Alexander Des Forges'Mediasphere Shanghai focuses on and advocates the relatively neglected genre of Shanghai fiction (haishang xiaoshuo) from the 1890s through to the 1920s. As distinct from the modernist "Shanghai-style" (haipai) works of the 1930s and 1940s by authors such as Liu Na'ou and Mu Shiying that have been the subject of so much attention recently, these works of instalment fiction, which focus on Shanghai's leisure industry, have been regarded as of lesser importance. May Fourth authors and their advocates, for example, have criticized these works as an immature mode to be abandoned. One of Des Forges' key tasks throughout Mediasphere Shanghai is to trace how this critical paradigm was established (even by admirers like Eileen Chang).

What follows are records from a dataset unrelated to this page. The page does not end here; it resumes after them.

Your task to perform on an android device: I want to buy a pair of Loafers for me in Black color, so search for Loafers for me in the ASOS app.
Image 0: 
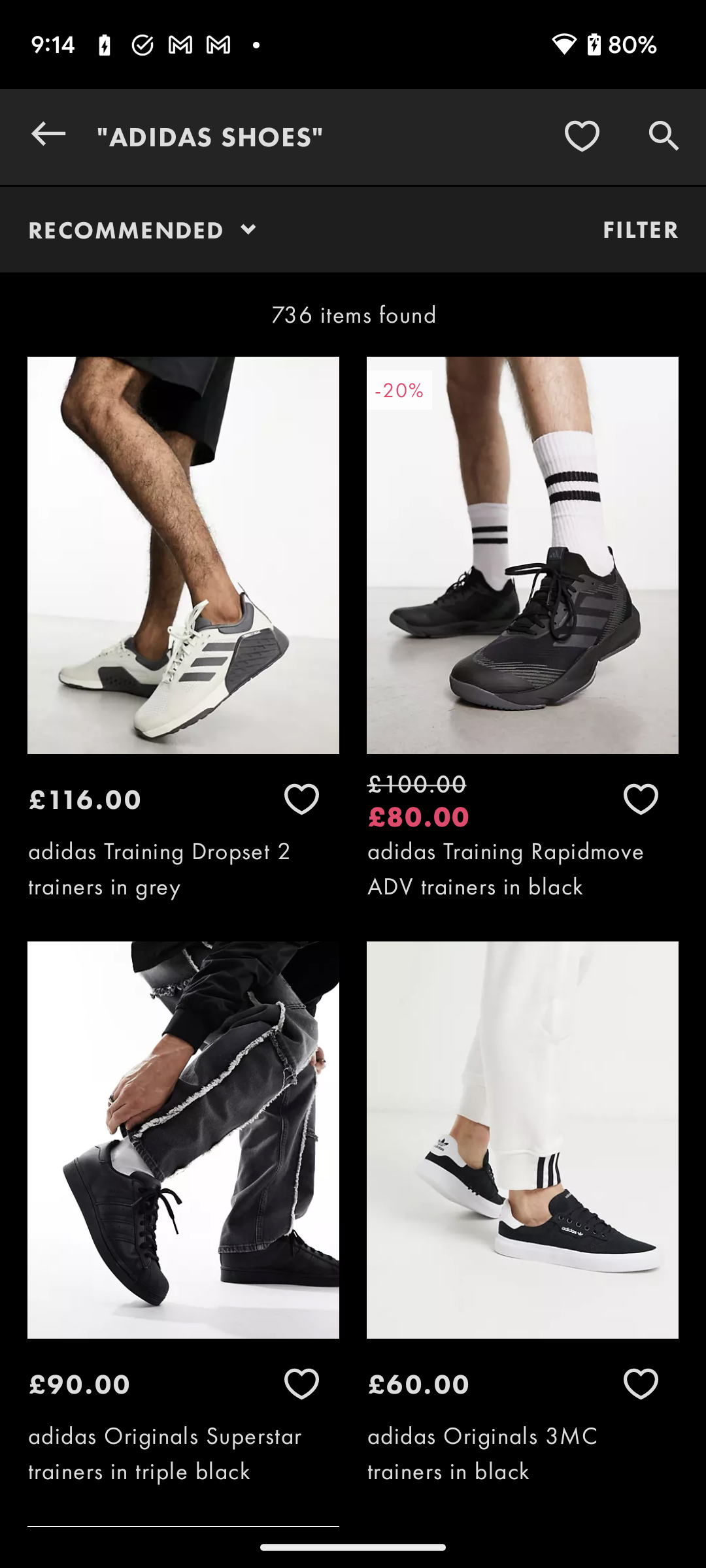
Click on the search icon at the top right corner of the screen to search for the shoes.
Step 0: click (664, 137)
Image 1: 
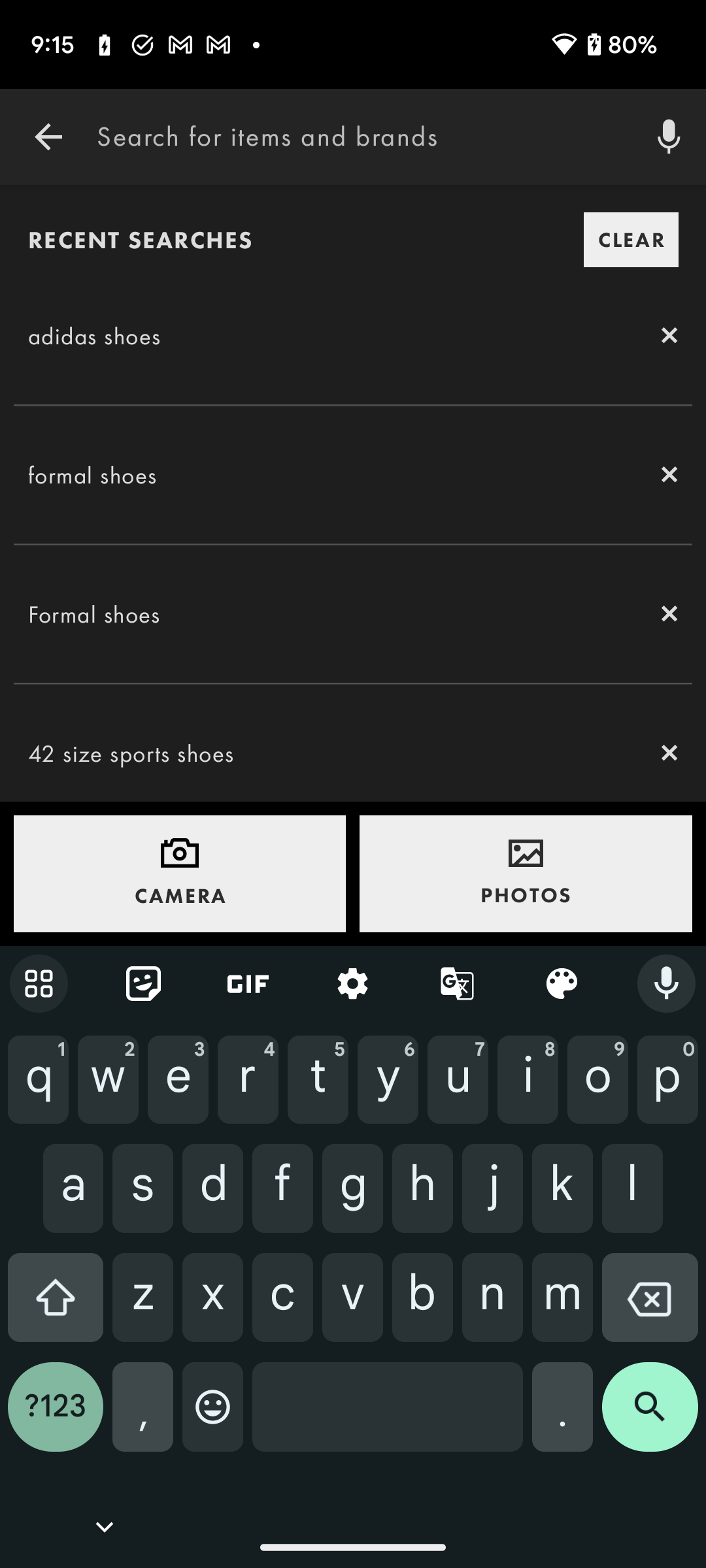
Type Black Loafers in the search bar.
Step 1: type "Black Loafers"
Image 2: 
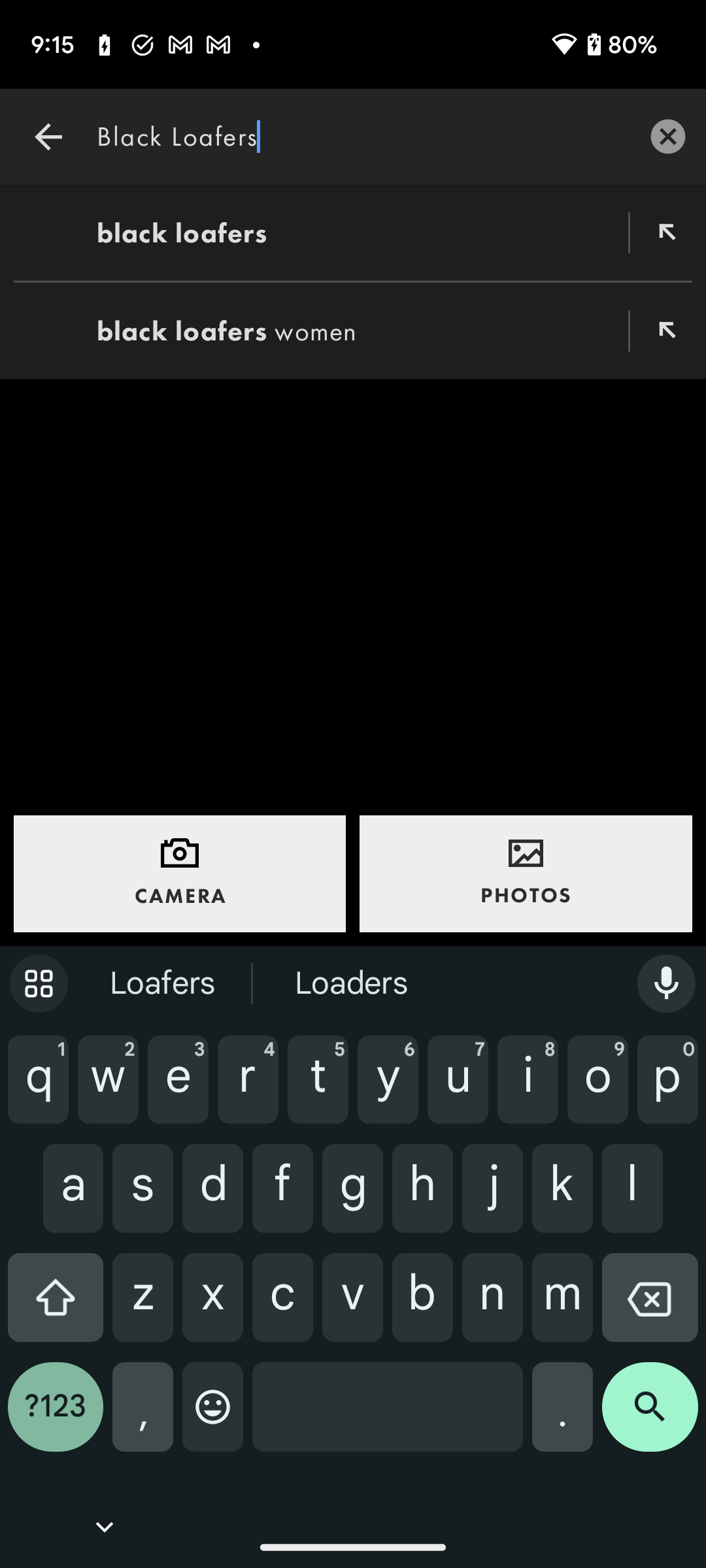
Click on the search icon at the bottom right corner of the screen to view the search result
Step 2: click (650, 1417)

In his final chapters, he counters it by tracing not only traits shared with the May Fourth and modernist fiction that supposedly defined itself against this earlier work, but also how it links into today's Shanghai nostalgia that looks forward (as well as backward) to a renewed cultural centrality for Shanghai in the twenty-first century.

Key works of Shanghai fiction examined in this book include Han Bangqing's Lives of Shanghai Flowers (Haishang hua liezhuan), which Des Forges is well aware has certainly not been overlooked by critics. This is perhaps one of the earliest works in the genre, which by definition refers directly to Shanghai in some way, and includes the less well known but also very popular Sun Yusheng's Dreams of Shanghai Splendor (Haishang fanhua meng) and Bao Tianxiao's Shanghai Annals (Shanghai chunqiu). Des Forges' core argument is that these writings, which mostly appeared first in instalments before being published in book form and running to numerous editions, do more than reflect or even represent Shanghai of the period. Instead, he argues, they are part of a larger mediasphere that constructs an image of Shanghai and Shanghai life that circulates often even to readers who have no knowledge of the city. As a result, when visitors arrive in the city they can cry "So, this is Shanghai!" in recognition of what they have already read about. The greatest strength of the book is Des Forges' careful, detailed, and convincing analysis of the genre, which corrects many misapprehensions and gives these works their due. The most intriguing part of the work is, however, the idea of "mediasphere" as a framework for analyzing cultural forms. However, in this regard, like much of the fiction it analyzes, Mediasphere Shanghai tantalizes but always leaves you wanting more.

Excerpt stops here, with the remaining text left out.